Reports this week that President Donald Trump had sent administration officials to Los Angeles to seek answers to the state’s homelessness crisis raised some concerns among state and city officials.
But advocates for homeless people are cautiously optimistic about the effect federal intervention could have on curbing a worsening crisis.
“I’ve been praying for federal intervention and assistance because of what I see as a crisis and disaster,” Rev. Andy Bales, chief executive of Union Rescue Mission in Los Angeles, told HuffPost on Thursday. “This is a FEMA-like disaster that needs urgent attention, and although local authorities are doing more than they’ve ever done, it’s not at the urgent pace needed to rescue people from the streets.”
Officials from the White House, the Department of Housing and Urban Development, and the Domestic Policy Council toured the city’s skid row and several shelters as part of a fact-finding mission to explore a federal response to California’s homelessness.
Bales helped lead the group’s tour and said he came away “very hopeful.”
“They saw the conditions.
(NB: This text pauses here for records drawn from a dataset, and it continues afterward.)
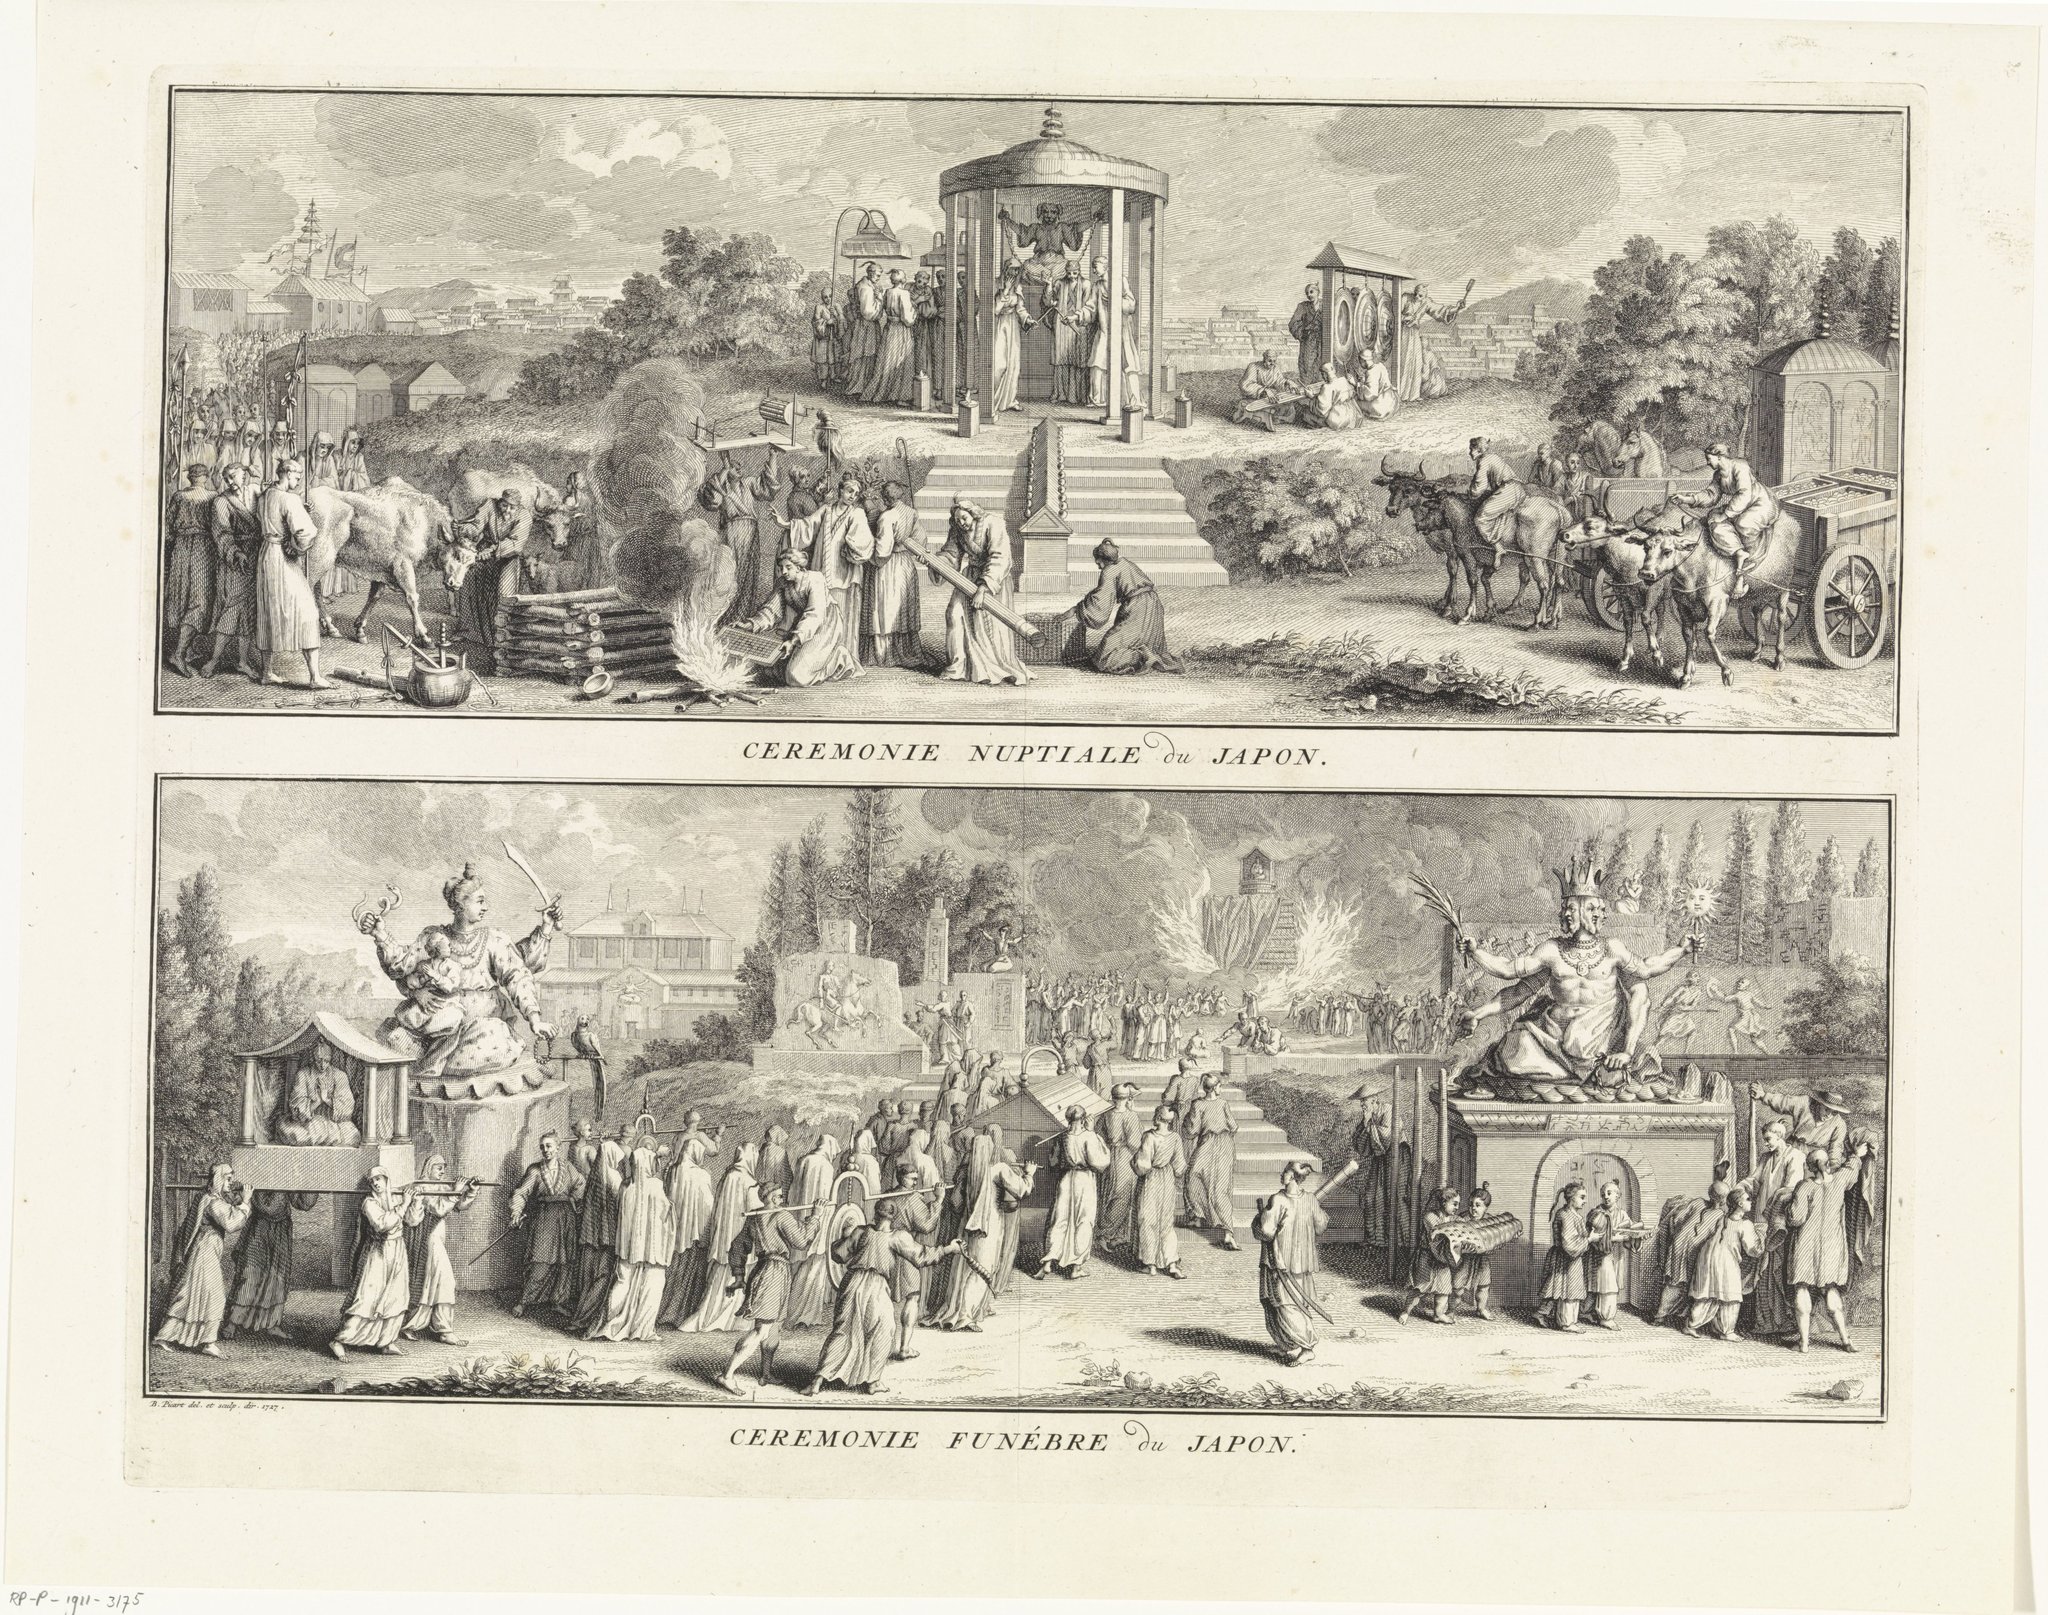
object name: print
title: Ceremonie Nuptiale du Japon / Ceremonie Funébre du Japon
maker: bernard picart
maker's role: draughtsman, print maker, publisher
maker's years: 1673-1733
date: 1727
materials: paper
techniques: engraving, etching
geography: amsterdam
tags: ritual practices ~ shinto, funerary ceremonial, (civil) marriage ceremonies
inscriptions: collector's mark: Lugt 2228
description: Blad met twee voorstellingen. Boven: In een heiligdom op een heuvel wordt een Japans huwelijk voltrokken. Rechts op de voorgrond wordt geofferd. Onder: Een Japanse begrafenis. De stoet met de kist trekt richting de brandstapel, waar de kist verbrand zal worden.

They saw the human waste, the people living in tents,” Bales said. The government officials “assured they were only here to help people. I took them at their word.”
Nearly a quarter of the nation’s homeless residents live in California, with homelessness on the rise throughout the state. Los Angeles saw a 12% increase in homeless residents from 2018 to 2019, according to a recent count. The number of homeless people in San Francisco went up 17% and in Alameda County (which includes Oakland) up 43% since 2017.
California Gov. Gavin Newsom (D) noted in July that the Trump administration has been “decreasing the social safety net to address the reasons people are on streets and sidewalks in the first place.” The president’s 2020 budget proposal released earlier this year called for sweeping cuts to affordable housing programs.
“Finding solutions to homelessness should not be partisan,” said Sherilyn Adams, the executive director of Larkin Street Youth Services in San Francisco. “However, as this country’s affordability crisis has skyrocketed, President Trump has proposed slashing billions of dollars in affordable housing programs that support our most vulnerable residents.”
“I am hopeful that President Trump means business and commits significant federal dollars to augment local efforts to solve homelessness across California,” Adams told HuffPost.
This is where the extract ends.